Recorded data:
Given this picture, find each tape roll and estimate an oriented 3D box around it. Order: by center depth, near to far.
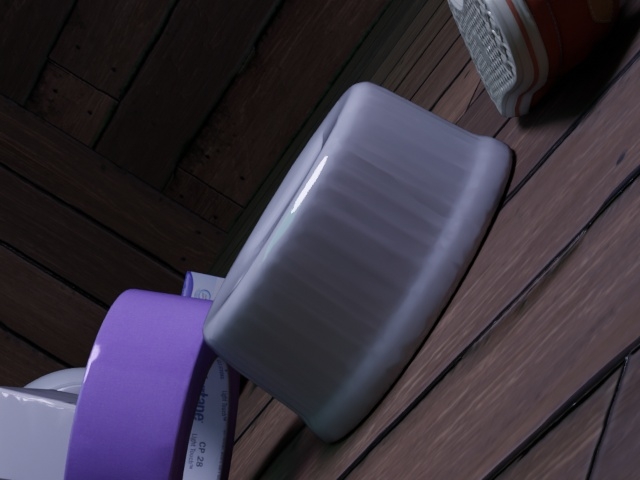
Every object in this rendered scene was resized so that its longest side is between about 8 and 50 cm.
[{"bbox_3d":[-0.141,0.183,1.549,0.275,0.090,0.275,7,-90,-83],"label":"tape roll"}]

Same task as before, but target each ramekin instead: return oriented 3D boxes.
[{"bbox_3d":[0.022,0.008,1.431,0.277,0.135,0.277,-57,5,8],"label":"ramekin"}]

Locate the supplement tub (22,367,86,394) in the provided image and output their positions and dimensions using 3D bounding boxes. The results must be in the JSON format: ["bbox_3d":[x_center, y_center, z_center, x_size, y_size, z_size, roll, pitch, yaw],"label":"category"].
[{"bbox_3d":[-0.284,0.270,2.150,0.235,0.235,0.325,-59,6,-9],"label":"supplement tub"}]

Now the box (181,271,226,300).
[{"bbox_3d":[-0.141,0.124,2.227,0.137,0.072,0.126,93,-173,-66],"label":"box"}]

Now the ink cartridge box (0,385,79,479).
[{"bbox_3d":[-0.289,0.310,1.859,0.226,0.131,0.306,30,-108,-79],"label":"ink cartridge box"}]

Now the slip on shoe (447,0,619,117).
[{"bbox_3d":[0.163,-0.167,1.390,0.101,0.123,0.331,-26,1,0],"label":"slip on shoe"}]

The problem: Locate the line with "Locate the supplement" in the entries above; extract it and every line after it, verbatim.

Answer to this task:
Locate the supplement tub (22,367,86,394) in the provided image and output their positions and dimensions using 3D bounding boxes. The results must be in the JSON format: ["bbox_3d":[x_center, y_center, z_center, x_size, y_size, z_size, roll, pitch, yaw],"label":"category"].
[{"bbox_3d":[-0.284,0.270,2.150,0.235,0.235,0.325,-59,6,-9],"label":"supplement tub"}]

Now the box (181,271,226,300).
[{"bbox_3d":[-0.141,0.124,2.227,0.137,0.072,0.126,93,-173,-66],"label":"box"}]

Now the ink cartridge box (0,385,79,479).
[{"bbox_3d":[-0.289,0.310,1.859,0.226,0.131,0.306,30,-108,-79],"label":"ink cartridge box"}]

Now the slip on shoe (447,0,619,117).
[{"bbox_3d":[0.163,-0.167,1.390,0.101,0.123,0.331,-26,1,0],"label":"slip on shoe"}]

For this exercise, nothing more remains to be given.